(Source records)
<<<<

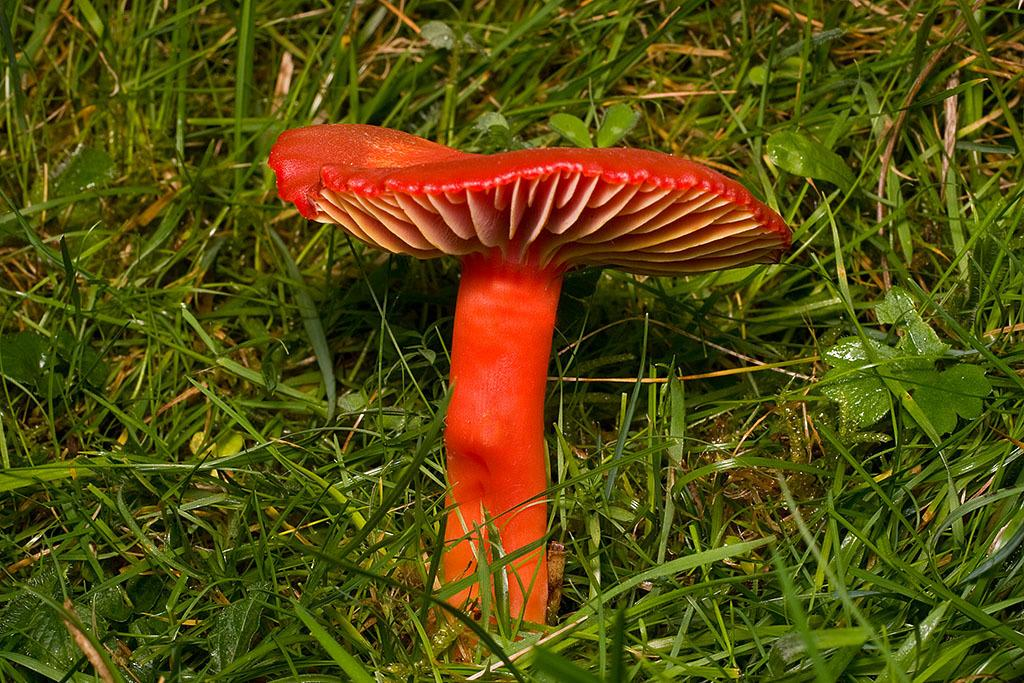What is the main subject of the image? There is a mushroom in the image. What can be seen behind the mushroom? There are leaves and grass behind the mushroom. What time of day is it in the image, and is there a crow or bike present? The time of day cannot be determined from the image, and there is no crow or bike present. 
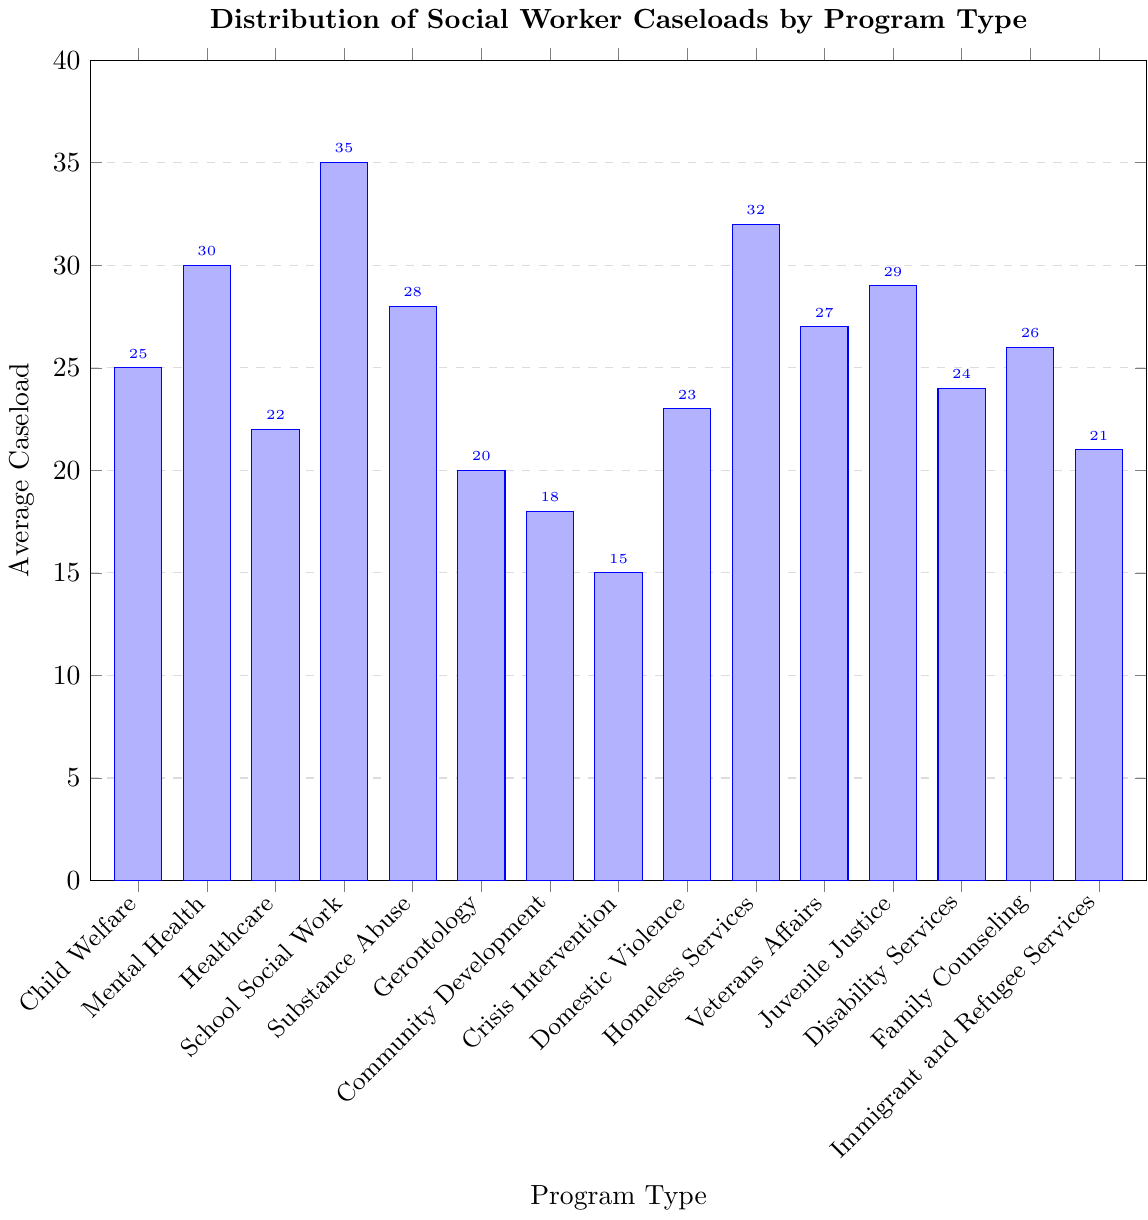Which program type has the highest average caseload? The bar for School Social Work is the tallest, indicating the highest average caseload.
Answer: School Social Work Which program type has the lowest average caseload? The bar for Crisis Intervention is the shortest, indicating the lowest average caseload.
Answer: Crisis Intervention How many programs have an average caseload greater than 30? Visually, Mental Health, School Social Work, and Homeless Services have bars higher than 30. So, there are 3 programs.
Answer: 3 What is the difference in average caseload between School Social Work and Crisis Intervention? School Social Work has an average caseload of 35, and Crisis Intervention has 15. The difference is 35 - 15 = 20.
Answer: 20 Which program types have an average caseload between 20 and 25? Looking at the bars within the 20-25 range, we see Child Welfare, Healthcare, Gerontology, Domestic Violence, Disability Services, and Immigrant and Refugee Services.
Answer: Child Welfare, Healthcare, Gerontology, Domestic Violence, Disability Services, Immigrant and Refugee Services Is the average caseload for Mental Health greater than for Substance Abuse? Comparing the heights, Mental Health has a caseload of 30, and Substance Abuse has 28, so Mental Health is greater.
Answer: Yes What is the total average caseload for Veterans Affairs and Juvenile Justice combined? Veterans Affairs has an average caseload of 27, and Juvenile Justice has 29. Combined, the total is 27 + 29 = 56.
Answer: 56 Which program type has an average caseload closest to 25? By examining the bars, Child Welfare has an average caseload of exactly 25.
Answer: Child Welfare How many program types have an average caseload less than 20? Programs with bars lower than 20 are Community Development and Crisis Intervention, making a total of 2 programs.
Answer: 2 
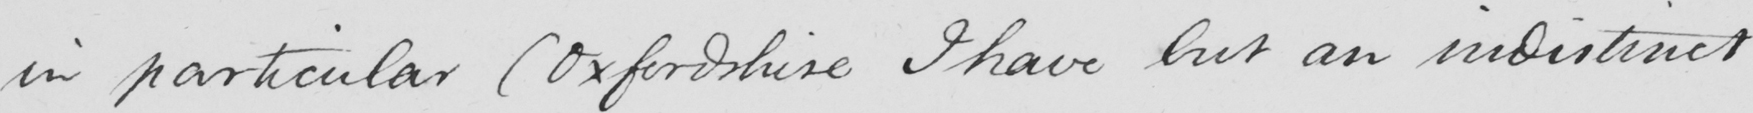Please provide the text content of this handwritten line. in particular  ( Oxfordshire I have but an indistinct

>>>>

ASSIGNED TASK ▸ Repeat each line of the records above exactly, but do not copy the pictures.

EXERCISE ANSWER ▸
What is the main subject of the image? There is a mushroom in the image. What can be seen behind the mushroom? There are leaves and grass behind the mushroom. What time of day is it in the image, and is there a crow or bike present? The time of day cannot be determined from the image, and there is no crow or bike present. 
Which program type has the highest average caseload? The bar for School Social Work is the tallest, indicating the highest average caseload.
Answer: School Social Work Which program type has the lowest average caseload? The bar for Crisis Intervention is the shortest, indicating the lowest average caseload.
Answer: Crisis Intervention How many programs have an average caseload greater than 30? Visually, Mental Health, School Social Work, and Homeless Services have bars higher than 30. So, there are 3 programs.
Answer: 3 What is the difference in average caseload between School Social Work and Crisis Intervention? School Social Work has an average caseload of 35, and Crisis Intervention has 15. The difference is 35 - 15 = 20.
Answer: 20 Which program types have an average caseload between 20 and 25? Looking at the bars within the 20-25 range, we see Child Welfare, Healthcare, Gerontology, Domestic Violence, Disability Services, and Immigrant and Refugee Services.
Answer: Child Welfare, Healthcare, Gerontology, Domestic Violence, Disability Services, Immigrant and Refugee Services Is the average caseload for Mental Health greater than for Substance Abuse? Comparing the heights, Mental Health has a caseload of 30, and Substance Abuse has 28, so Mental Health is greater.
Answer: Yes What is the total average caseload for Veterans Affairs and Juvenile Justice combined? Veterans Affairs has an average caseload of 27, and Juvenile Justice has 29. Combined, the total is 27 + 29 = 56.
Answer: 56 Which program type has an average caseload closest to 25? By examining the bars, Child Welfare has an average caseload of exactly 25.
Answer: Child Welfare How many program types have an average caseload less than 20? Programs with bars lower than 20 are Community Development and Crisis Intervention, making a total of 2 programs.
Answer: 2 
Please provide the text content of this handwritten line. in particular  ( Oxfordshire I have but an indistinct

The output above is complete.